Wills: Quality Will Bring Acceptance of New-Method Pilot Graduates
March 24, 2021 | By John A. Tirpak

Senior aviators are resistant to the idea of overhauling Air Force pilot training, but the quality of new flyers will sell them on the changes, 19th Air Force commander Maj. Gen. Craig D. Wills said March 23.

“I won’t sugarcoat it, there are a lot of folks in the pilot force that don’t like” the changes being made to undergraduate pilot training, helicopter pilot training, and streamlined ways for certified civilian pilots to take an accelerated path to wings, ” Wills told reporters in a virtual media roundtable.

But, “in the Air Force … complaints and criticisms of those programs usually stop with good flyers,” he said. The restructuring is designed not to save money or even increase the production of pilots, but to make better aviators with more relevant and credible flying experience, he noted.

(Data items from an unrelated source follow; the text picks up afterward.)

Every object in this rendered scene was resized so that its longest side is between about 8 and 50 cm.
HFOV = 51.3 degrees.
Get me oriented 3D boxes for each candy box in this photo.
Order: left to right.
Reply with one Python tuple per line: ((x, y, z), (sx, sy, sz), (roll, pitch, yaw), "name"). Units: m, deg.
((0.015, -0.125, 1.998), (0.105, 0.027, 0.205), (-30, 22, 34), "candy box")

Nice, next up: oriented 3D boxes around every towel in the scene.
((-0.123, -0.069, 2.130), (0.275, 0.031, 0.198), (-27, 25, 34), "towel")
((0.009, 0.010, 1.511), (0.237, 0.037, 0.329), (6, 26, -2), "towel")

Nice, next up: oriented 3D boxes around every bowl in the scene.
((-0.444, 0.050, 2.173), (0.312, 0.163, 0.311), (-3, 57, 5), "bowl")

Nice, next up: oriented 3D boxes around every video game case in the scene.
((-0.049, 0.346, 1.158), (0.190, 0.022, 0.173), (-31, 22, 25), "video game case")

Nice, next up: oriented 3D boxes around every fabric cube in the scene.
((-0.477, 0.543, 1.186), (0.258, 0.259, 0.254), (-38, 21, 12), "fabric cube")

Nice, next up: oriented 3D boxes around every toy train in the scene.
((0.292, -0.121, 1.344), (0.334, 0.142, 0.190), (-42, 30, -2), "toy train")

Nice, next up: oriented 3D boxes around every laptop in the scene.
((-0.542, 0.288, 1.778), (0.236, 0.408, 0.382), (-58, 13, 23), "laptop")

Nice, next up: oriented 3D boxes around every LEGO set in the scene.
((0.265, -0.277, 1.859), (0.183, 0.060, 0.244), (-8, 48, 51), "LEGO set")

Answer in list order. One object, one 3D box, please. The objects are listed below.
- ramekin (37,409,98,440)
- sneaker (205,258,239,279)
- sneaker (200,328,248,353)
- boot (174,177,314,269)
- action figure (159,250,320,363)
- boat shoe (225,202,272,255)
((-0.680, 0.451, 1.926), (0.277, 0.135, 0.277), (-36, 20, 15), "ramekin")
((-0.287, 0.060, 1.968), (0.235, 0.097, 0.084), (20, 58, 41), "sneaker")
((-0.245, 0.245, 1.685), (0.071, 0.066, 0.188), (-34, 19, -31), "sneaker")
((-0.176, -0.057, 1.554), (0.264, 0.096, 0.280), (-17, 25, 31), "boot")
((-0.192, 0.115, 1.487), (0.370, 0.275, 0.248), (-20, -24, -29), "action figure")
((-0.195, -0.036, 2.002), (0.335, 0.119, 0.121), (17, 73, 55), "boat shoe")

To hasten that socialization, though, Wills said he and his wing commanders are trying to visit every Active-duty flying unit in the next few months, and as many Guard and Reserve flying units as possible, “to talk to them about pilot training transformation.” The objections usually center on shifting real-world flight hours to simulator time, he said. “It’s not going to be popular, and I totally understand that.” But the new system “makes better use of a student’s time” and shifts the instructor-pilot interplay to one more like “a coach-athlete relationship.”

Wills acknowledged, “We’ve got our work cut out for us” in gaining acceptance of the new system.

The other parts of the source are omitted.